(Records contained in a dataset)
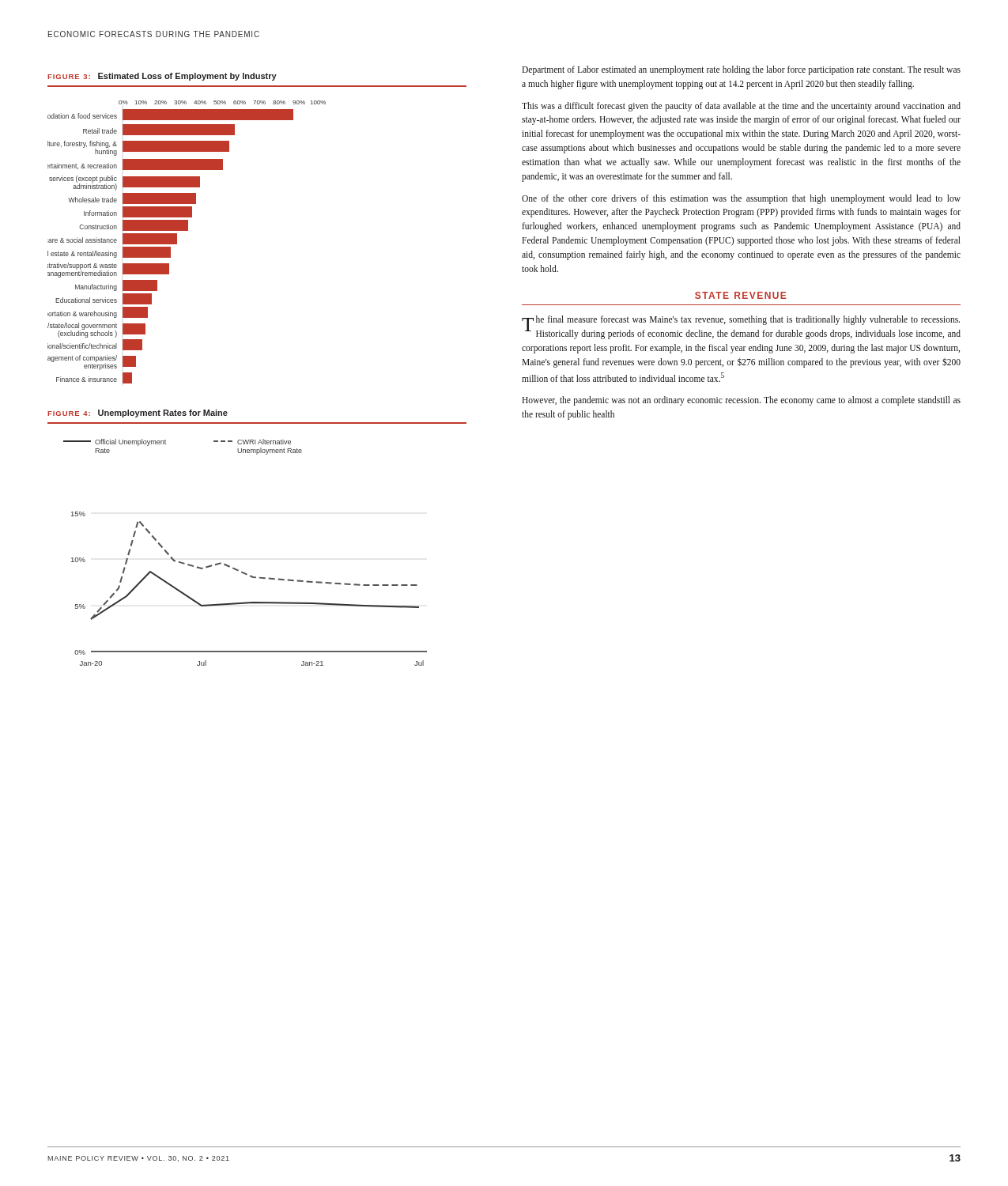The width and height of the screenshot is (1008, 1186).
Task: Select the section header with the text "STATE REVENUE"
Action: 741,298
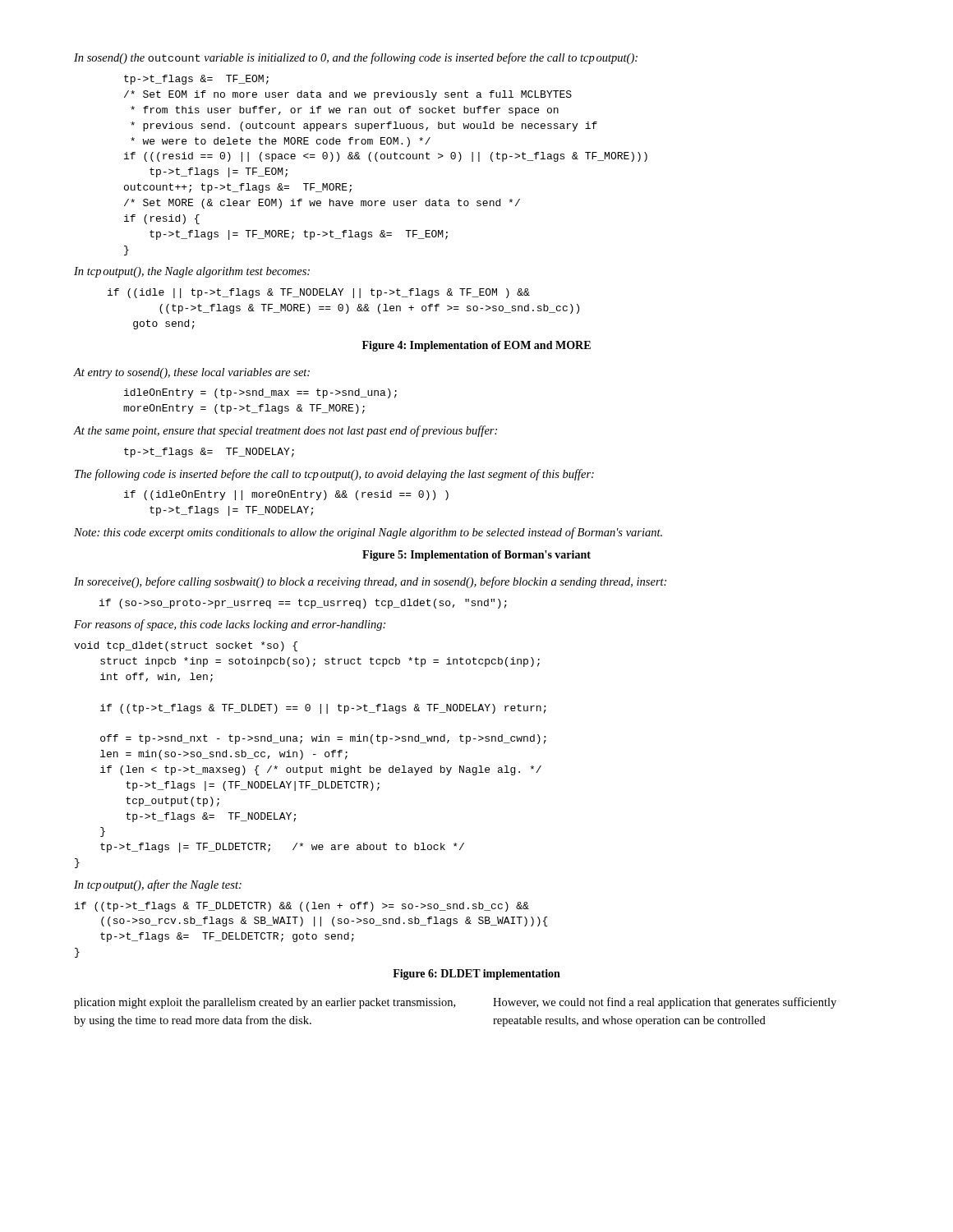Click on the caption with the text "Figure 4: Implementation of"

pyautogui.click(x=476, y=345)
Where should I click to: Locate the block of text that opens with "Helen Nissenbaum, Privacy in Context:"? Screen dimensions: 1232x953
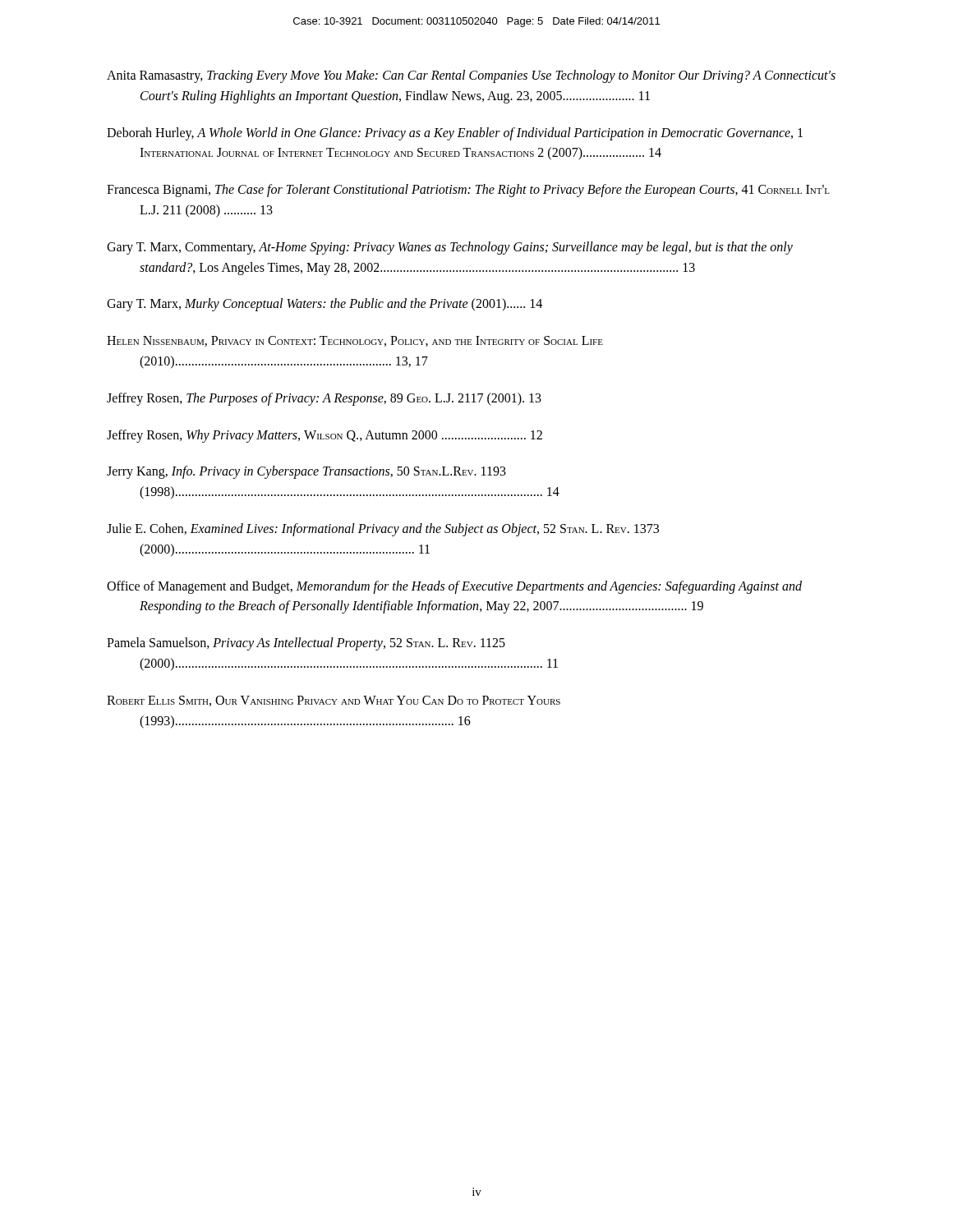[355, 351]

● **YOUR OBJECTIVE**
Where the line containing "Where should I" appears in the records above, begin copying and continue exactly through the last line, with nothing else; omit every picture.

● **ANSWER SECTION**
Where should I click to: Locate the block of text that opens with "Helen Nissenbaum, Privacy in Context:"? Screen dimensions: 1232x953
[355, 351]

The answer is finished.